2. FIG. 2 shows in top planar view four packages with adjacent
corners prior to singulation. Each package has a device support pad
21 and leads 22 (only four leads opposite each pad are shown in
FIG. 2). The pads 21 are connected by connecting bars 25; the leads
are connected by connecting bars 28. The pads are typically
coplanar with the connecting bars as well as coplanar with the
neighboring ends of the leads (for example, in package 11 upper
surface 8 of pad 3 is coplanar with upper surface 9 of lead 14). An
effective RF shield should make electrical contact with the pads,
but not with the coplanar leads. After singulation (cutting along
boundary lines 26 and thereby removing connecting bars 28), each
package will have faces with the leads 22 and connecting bars 25
exposed at 23 and 27 respectively. It is desirable to provide an RF
shield for a package so that the device is shielded both above and
below, i.e. covering the top of the molding compound and also
connecting to the conductive support pad, while avoiding shorting
to the leads.
SUMMARY OF THE DISCLOSURE
[0010] In accordance with an aspect of the disclosure, there is
provided a package for a semiconductor device with shielding from
RF interference. The package includes a lead frame having a lead
and a connecting bar. The lead has an inner end for connecting to
the device and an outer end extending to a side face of the package
with an exposed surface. The connecting bar has an end extending to
the side face of the package, also with an exposed surface. A
molding compound overlies the leadframe and forms a portion of the
side face of the package. Electrically conductive shielding
overlies the molding compound above the leadframe to form a top
surface of the package, and extends downward therefrom to form an
upper portion of the side face of the package. The exposed surface
at the end of the connecting bar has an upper edge displaced
vertically with respect to the upper edge of the exposed surface of
the end of the lead. Accordingly, the shielding makes electrical
contact with the connecting bar adjacent to its exposed surface,
while being electrically isolated from the lead.

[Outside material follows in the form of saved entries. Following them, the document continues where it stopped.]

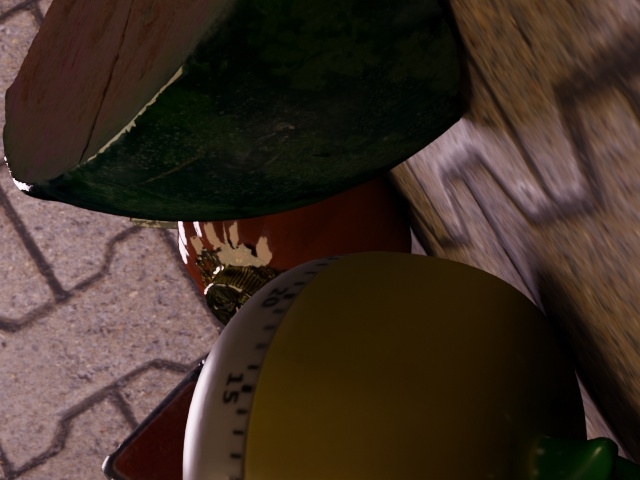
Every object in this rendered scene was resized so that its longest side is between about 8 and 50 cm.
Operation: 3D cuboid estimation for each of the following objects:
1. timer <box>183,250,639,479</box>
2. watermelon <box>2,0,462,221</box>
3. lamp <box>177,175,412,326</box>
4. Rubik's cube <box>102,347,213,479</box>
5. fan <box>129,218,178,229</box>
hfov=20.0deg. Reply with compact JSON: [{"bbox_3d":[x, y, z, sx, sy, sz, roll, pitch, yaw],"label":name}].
[{"bbox_3d":[0.083,0.136,1.092,0.285,0.285,0.285,59,178,4],"label":"timer"},{"bbox_3d":[-0.016,-0.103,1.005,0.222,0.319,0.292,22,-155,-28],"label":"watermelon"},{"bbox_3d":[-0.024,-0.002,1.629,0.223,0.196,0.223,22,143,18],"label":"lamp"},{"bbox_3d":[0.017,0.278,1.891,0.313,0.318,0.316,31,158,38],"label":"Rubik's cube"},{"bbox_3d":[-0.042,-0.028,1.770,0.294,0.012,0.223,27,137,8],"label":"fan"}]
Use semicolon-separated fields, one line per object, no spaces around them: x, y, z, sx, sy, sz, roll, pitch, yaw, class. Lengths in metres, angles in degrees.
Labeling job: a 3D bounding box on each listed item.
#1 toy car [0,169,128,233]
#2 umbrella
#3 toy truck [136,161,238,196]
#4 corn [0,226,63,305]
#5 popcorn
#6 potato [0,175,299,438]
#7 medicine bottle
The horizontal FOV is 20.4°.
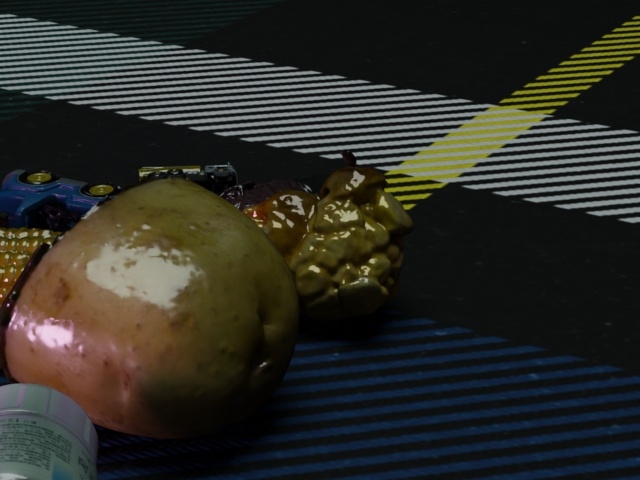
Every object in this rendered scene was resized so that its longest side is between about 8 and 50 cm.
-0.286;-0.010;1.960;0.191;0.097;0.100;11;27;25;toy car
-0.103;-0.013;1.960;0.326;0.094;0.090;-17;67;-40;umbrella
-0.162;-0.066;2.150;0.123;0.052;0.063;-3;17;-4;toy truck
-0.355;0.051;1.786;0.347;0.130;0.130;1;23;11;corn
0.007;0.017;1.856;0.194;0.163;0.140;-26;-16;9;popcorn
-0.133;0.076;1.636;0.242;0.242;0.285;17;21;34;potato
-0.243;0.204;1.417;0.135;0.135;0.168;-2;24;-5;medicine bottle
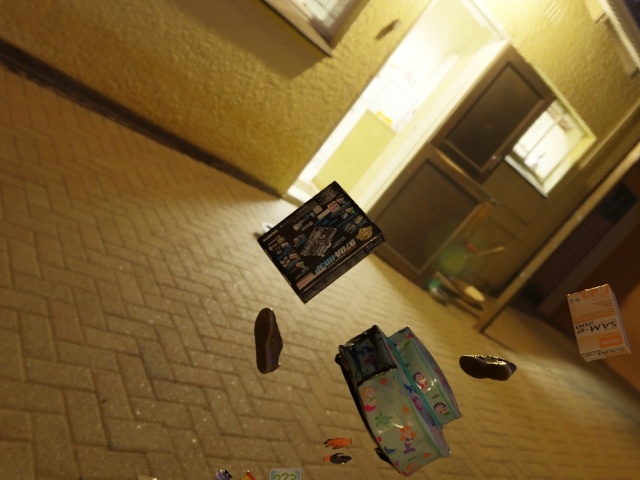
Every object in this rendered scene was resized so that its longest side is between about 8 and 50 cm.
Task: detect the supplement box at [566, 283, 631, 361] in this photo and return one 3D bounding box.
[{"bbox_3d":[0.400,0.119,0.863,0.036,0.062,0.098,43,38,-40],"label":"supplement box"}]

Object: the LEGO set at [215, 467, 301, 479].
[{"bbox_3d":[-0.169,0.636,1.422,0.244,0.182,0.060,4,5,-9],"label":"LEGO set"}]

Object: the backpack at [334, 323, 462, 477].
[{"bbox_3d":[0.156,0.308,1.146,0.225,0.191,0.253,57,11,-38],"label":"backpack"}]

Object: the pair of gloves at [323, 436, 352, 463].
[{"bbox_3d":[0.044,0.542,1.539,0.074,0.083,0.010,-1,22,-4],"label":"pair of gloves"}]

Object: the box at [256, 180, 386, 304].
[{"bbox_3d":[0.000,0.000,1.262,0.175,0.220,0.051,50,-4,30],"label":"box"}]

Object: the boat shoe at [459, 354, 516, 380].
[{"bbox_3d":[0.407,0.309,1.458,0.049,0.056,0.152,-10,9,-35],"label":"boat shoe"}]

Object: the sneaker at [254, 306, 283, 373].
[{"bbox_3d":[-0.141,0.275,1.672,0.066,0.188,0.071,11,10,39],"label":"sneaker"}]

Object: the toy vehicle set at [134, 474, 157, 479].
[{"bbox_3d":[-0.297,0.509,0.888,0.035,0.266,0.166,24,-7,-23],"label":"toy vehicle set"}]

[0011] In accordance with another aspect of the disclosure, a
method for manufacturing a package for a semiconductor device
includes the following steps: A leadframe is provided which
includes a lead and a connecting bar, where the lead and the
connecting bar each have a top surface and a bottom surface.
Recesses are formed in the lead and the connecting bar at their
respective outer ends (adjacent to a boundary of the leadframe);
the recess in the lead is formed with respect to its top surface
thereof, and the recess in the connecting bar is formed with
respect to its bottom surface. A molding compound is applied to
cover the leadframe. A cutting process is then performed to make a
cut extending vertically partially through the molding compound at
the boundary of the leadframe and aligned with the first and second
recesses, thereby exposing a portion of the connecting bar. A layer
of electrically conductive shielding material is formed, overlying
the molding compound and on the sides and the bottom of the cut, so
that the shielding material is in electrical contact with the
exposed portion of the connecting bar. A singulation process is
then performed at the boundary of the leadframe and aligned with
the cut, thereby forming a package side face. The package side face
thus includes shielding material disposed on an upper portion
thereof, an exposed portion of the molding compound, an exposed
surface at the outer end of the lead, and an exposed surface at the
end of the connecting bar.
[0012] In the above-described method, the molding compound may be
applied using a block molding process. According to still another
aspect of the disclosure, the molding compound is applied using a
pocket molding process, so that a portion of the leadframe adjacent
to the boundary of the leadframe is not covered by the molding
compound. The layer of electrically conductive shielding material
thus contacts that portion of the leadframe without the need for a
cutting process. The subsequent singulation process may be
performed by sawing or punching.
[0013] Details of various embodiments of the invention are set
forth in the accompanying drawings and the description below. Other
features, objects and advantages of the invention will be apparent
from the description and drawings, and from the claims.
BRIEF DESCRIPTION OF THE DRAWINGS
[0014] FIG. 1A schematically illustrates in cross-section view a
QFN package with full leads and singulated by sawing.
[0015] FIG. 1B schematically illustrates in cross-section view a
QFN package with half-etched leads and singulated by sawing.
[0016] FIG. 1C schematically illustrates in cross-section view a
QFN package with full leads and singulated by punching.
[0017] FIG. 2 schematically illustrates in top planar view four QFN
packages with adjacent corners prior to singulation.
[0018] FIGS. 3A and 3B illustrate half-etching of leads and
connecting bars respectively, in accordance with an embodiment of
the disclosure.
[0019] FIGS. 4A-4F illustrate formation of shielded and singulated
device packages, in accordance with an embodiment of the
disclosure.
[0020] FIGS. 5A and 5B are detail views of the partial saw cuts of
FIG. 4D at the leads and connecting bars respectively.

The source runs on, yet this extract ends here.